– Не переживай, Константин Федорович! – агент взял папку, открыл и начал просматривать документы в свете уличного фонаря, – бывает, иногда, она увлекается. Когда тоска особенно навязчива. Бутылка или даже полторы за вечер. Потом, на следующий день у нее болит голова и пробежка, даже сокращенная почти вполовину, дается ей с трудом. Но так бывает редко. Очень, очень редко…
– Ладно… – мотнул головой Завьялов, – ты меня успокоил. Правда. Значит все не так плохо, как я себе нафантазировал.
– Не так плохо, – поддержал его легкой улыбкой Альберт, – она умница.
– Да, – Завьялов тоже не смог удержаться от улыбки, – она умница, это верно. Она большая умница. Она думает, что люди стали счастливее. Говорит, что это, возможно, из-за того, что все стали намного обеспеченнее.
– Не знаю, полковник, – Альберт постучал ладонью по шершавой поверхности ограды, – Россия разбогатела, это верно. Но мне иногда кажется, что преступная гордыня этого народа просто сбежала из его кошельков. И это, наверное, неплохо. Только вот эта гордыня, она не исчезла. Она нашла какое-то новое пристанище. Или ищет. Это что-то новое. В масштабах целой нации. И я пока не могу понять, толи это духовный расцвет, толи формирование нового уродства.
– А мне это столичное благополучие, – поморщился полковник, вспоминая свои переживания в торговом центре, – оно кажется мне таким непрочным, неукорененным, что ли… Если ты понимаешь, о чем я.
– Я понимаю, о чем ты, – подтвердил Альберт, поднимая руку, чтобы смахнуть воображаемую крошку с кончика носа, – Я думаю, это все потому, что мы по-прежнему боимся.
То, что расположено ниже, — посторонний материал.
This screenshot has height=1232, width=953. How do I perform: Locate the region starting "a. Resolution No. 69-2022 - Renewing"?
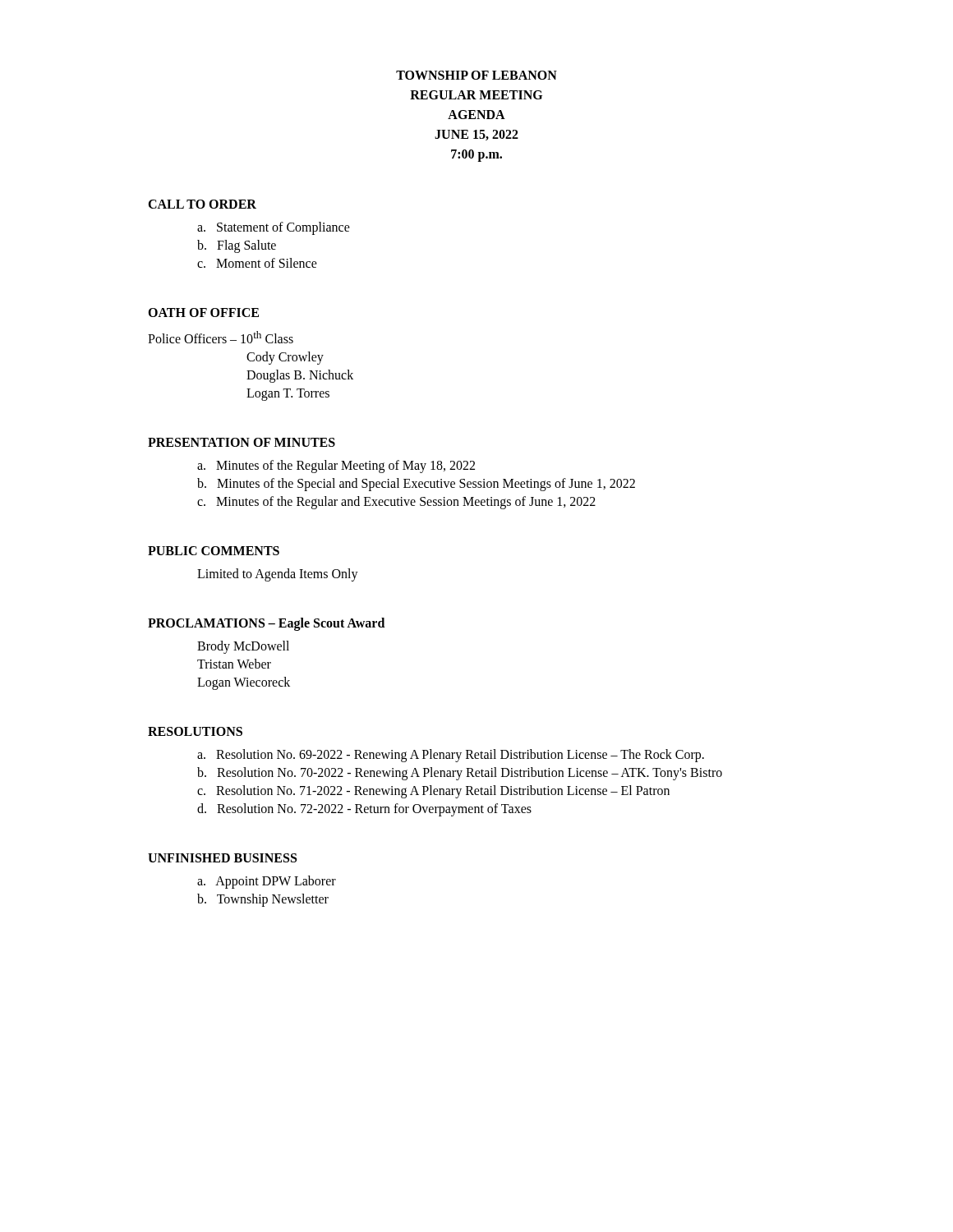point(451,755)
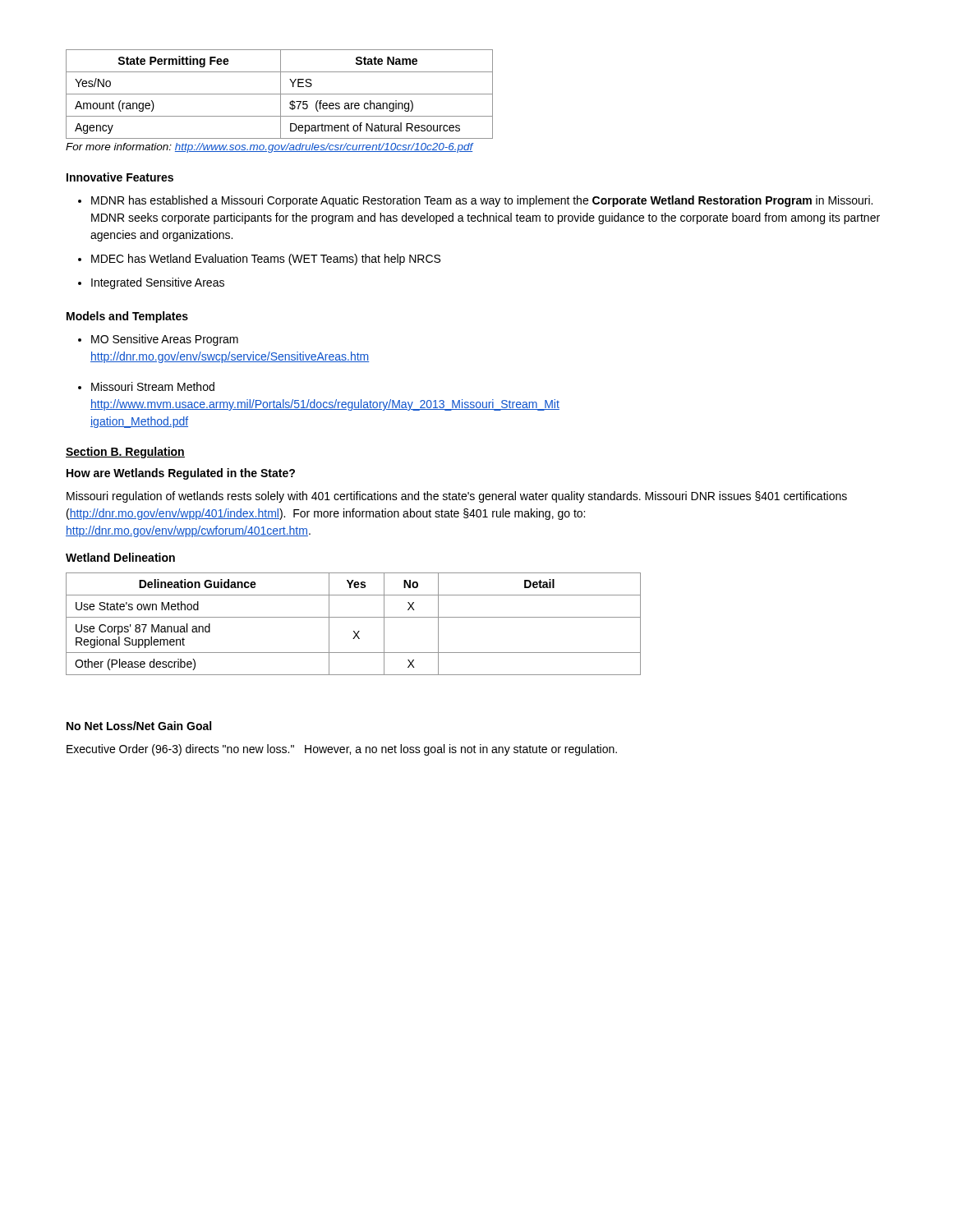Locate the text block with the text "Executive Order (96-3) directs "no new"

342,749

Боимся бросить вызов самим себе. Боимся открыться миру и измениться по-настоящему. Уверен, что в глубине души мы все не верим, что заслужили этого. Не верим, по привычке, что это продлится долго. Слишком много горького опыта слишком крутых перемен мы видели за последние несколько поколений.
– Может и так, – гримаса сомнения скомкала губы полковника, – Но ведь мы на самом деле это сделали. И заслужили награду. Какую-то… А чтобы поверить, поверить по-настоящему, нужно время. Мы не могли стать нацией будд за десяток лет. Так не бывает. А может быть и вовсе…
– Что? – переспросил Альберт, уловив, что полковник погружается в молчаливое раздумье.
– Может быть, это и вовсе не место для духовного бунта, – Завьялов наклонился к перилам, и в этот раз плечи мужчин на мгновение соприкоснулись, – Не та страна, не та нация, не то поколение…
– Может быть, – Альберт оторвал взгляд от поверхности воды и посмотрел на своего старого знакомого. В этом взгляде было что-то… – Но кое-кто так не считает. Кое-кто думает, что как раз сейчас самое время. И другой такой возможности может вообще не представиться…
– Ты о чем? – недоуменно спросил Завьялов.
Но Альберт не ответил на этот вопрос. Он только с горестью покачал головой. А потом заговорил совсем о другом. И в его голосе больше не было следов тоски. Голос звучал спокойно и собрано.
– У меня есть адрес и достаточно оснований полагать, что «профессора» держат именно там.
– И ты получил свою компенсацию, – мгновенно перестроившись с философских рассуждений на разговор о деле, отозвался Завьялов, – и я думаю, нам следует отправиться туда и освободить Евгения Сергеевича.
– Это хорошая мысль, мой друг, – прищурился агент, – Очень даже здравая. Только вот, не кажется ли тебе, что это может быть попыткой помочиться против ветра?
– Ты о чем? – насторожился полковник.
– Что ж такое, – театрально расстроился Альберт, – Если уж лучший контрразведчик страны не видит очевидного…
– Да о чем ты?!
– Хочешь найти преступника, выясни, кто выиграл от преступления! – озвучил то самое очевидное агент.